Later he joined the Jivanlal Amarshi Booksellers. He also worked with various magazines including Stribodh as a sub editor as well as Strijivan as an editor for 39 years. He was a member of a committee formed by the Government of Gujarat to promote folk literature.

He died on 29 December 1979. His son Vasantkumar Jodhai was also a writer who published works on science and animals.

==Works==
Jodhani has contributed considerably in the field of folk literature. He was an ornithologist and botanist. He pioneered story writings on flora and fauna of Gujarat.

His works on folk literature include Sorathi Javahir (1930), Sorathi Vibhuto (1964), Randalna Geeto, Gujarati Loksahitya Mala (cowritten with Manjula Majmudar, Bachubhai Raval) and Janpad (1940, 1944, 1955; sketches).

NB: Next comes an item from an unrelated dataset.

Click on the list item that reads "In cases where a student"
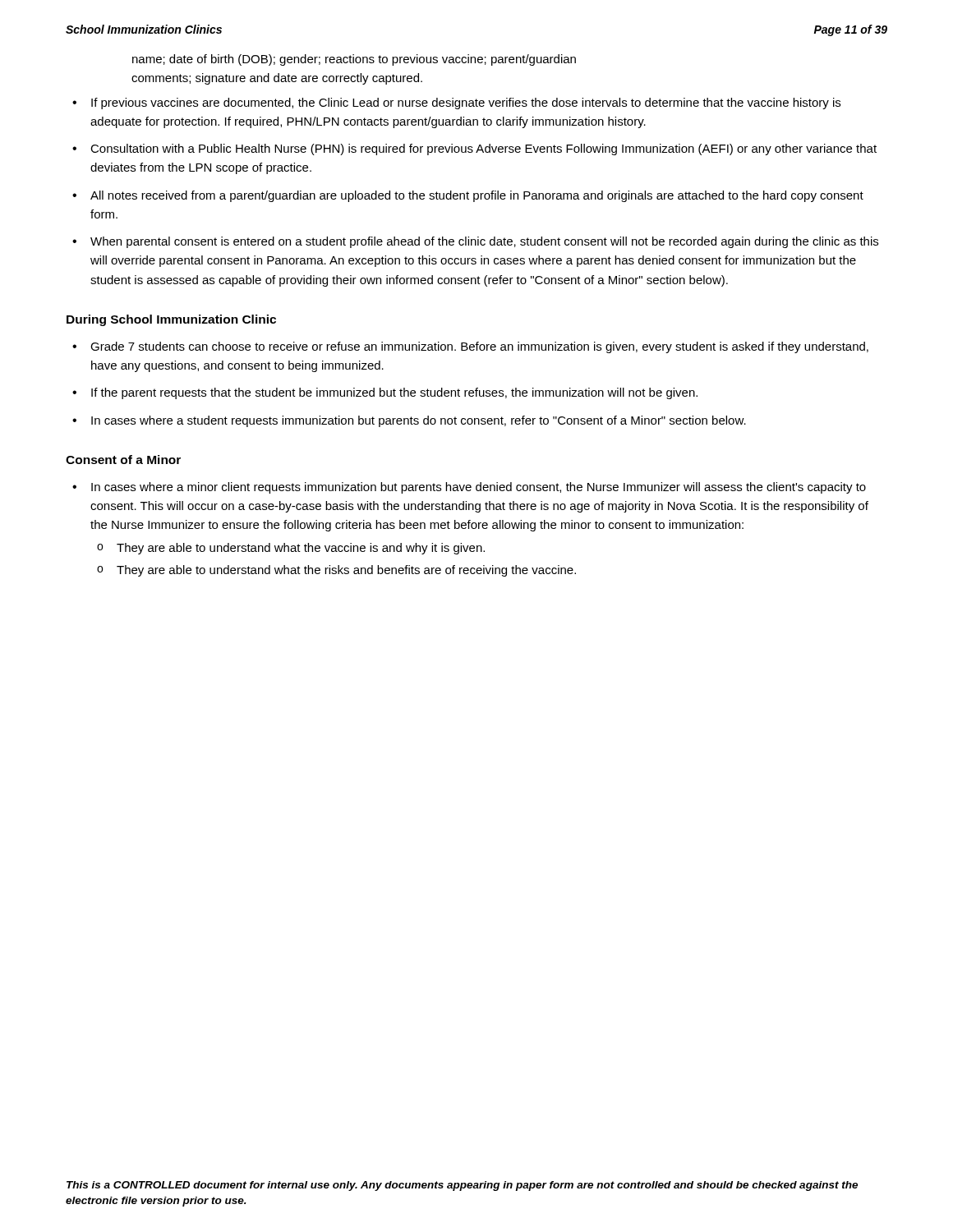(x=418, y=420)
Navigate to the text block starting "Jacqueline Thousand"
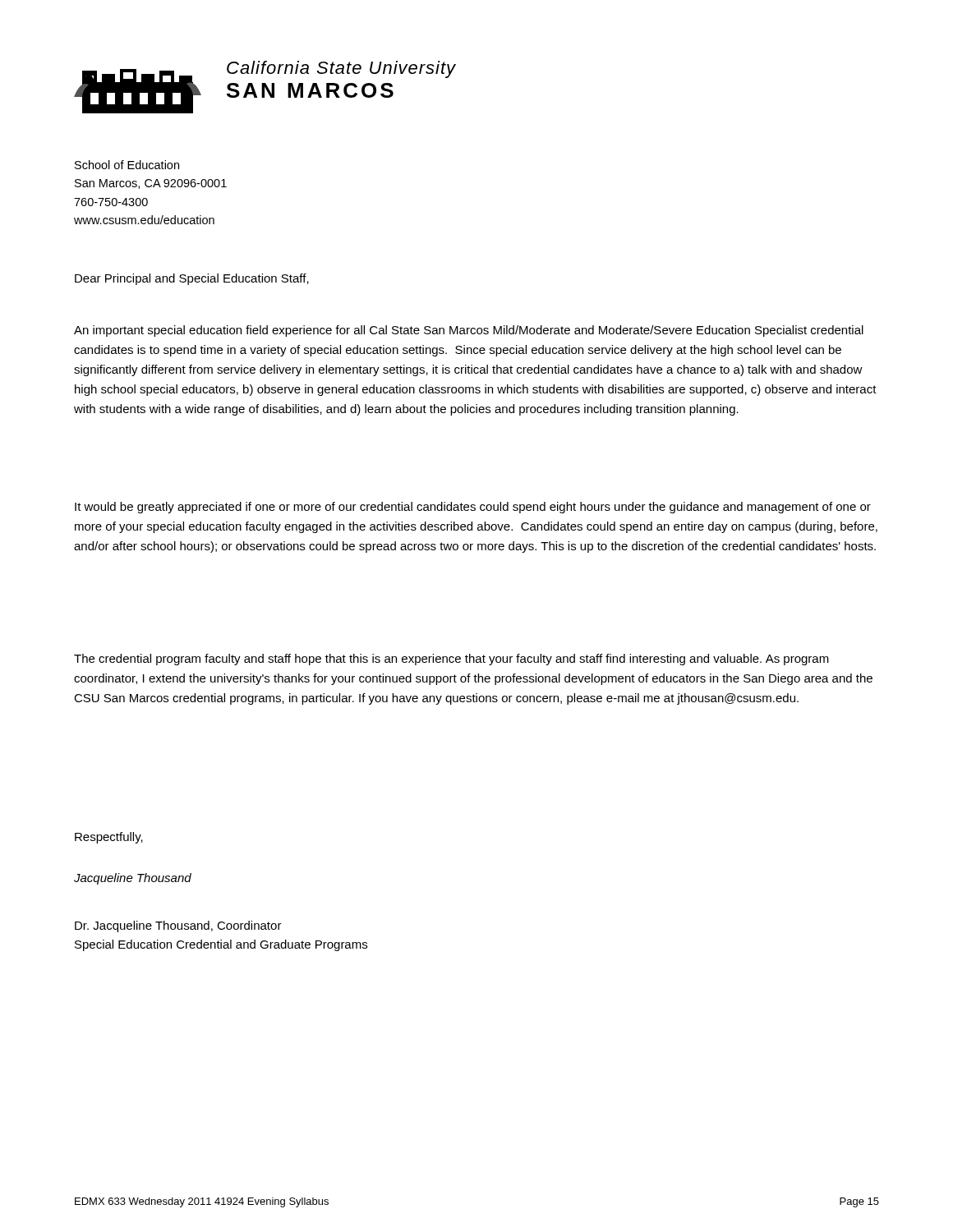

His short stories include Shilvati (1928) and Sundariona Shangar. Nagmati (1932) is his only novel. Khatimithi Balavato and Kumaroni Pravaskatha are works of children's literature.

Padarni Vanaspati I-II (1954–55), Anganana Pankhi I-II (1955–56), Padarna Pankhi (1956) are his works on botany and ornithology.

He translated Sarat Chandra Chattopadhyay's Bindur Chhele as Bindu (1939).

He helped to publish Manuben Gandhi's memoir, Last Glimpses of Bapu.

==Recognition==
There is a road named after him in Paldi, Ahmedabad.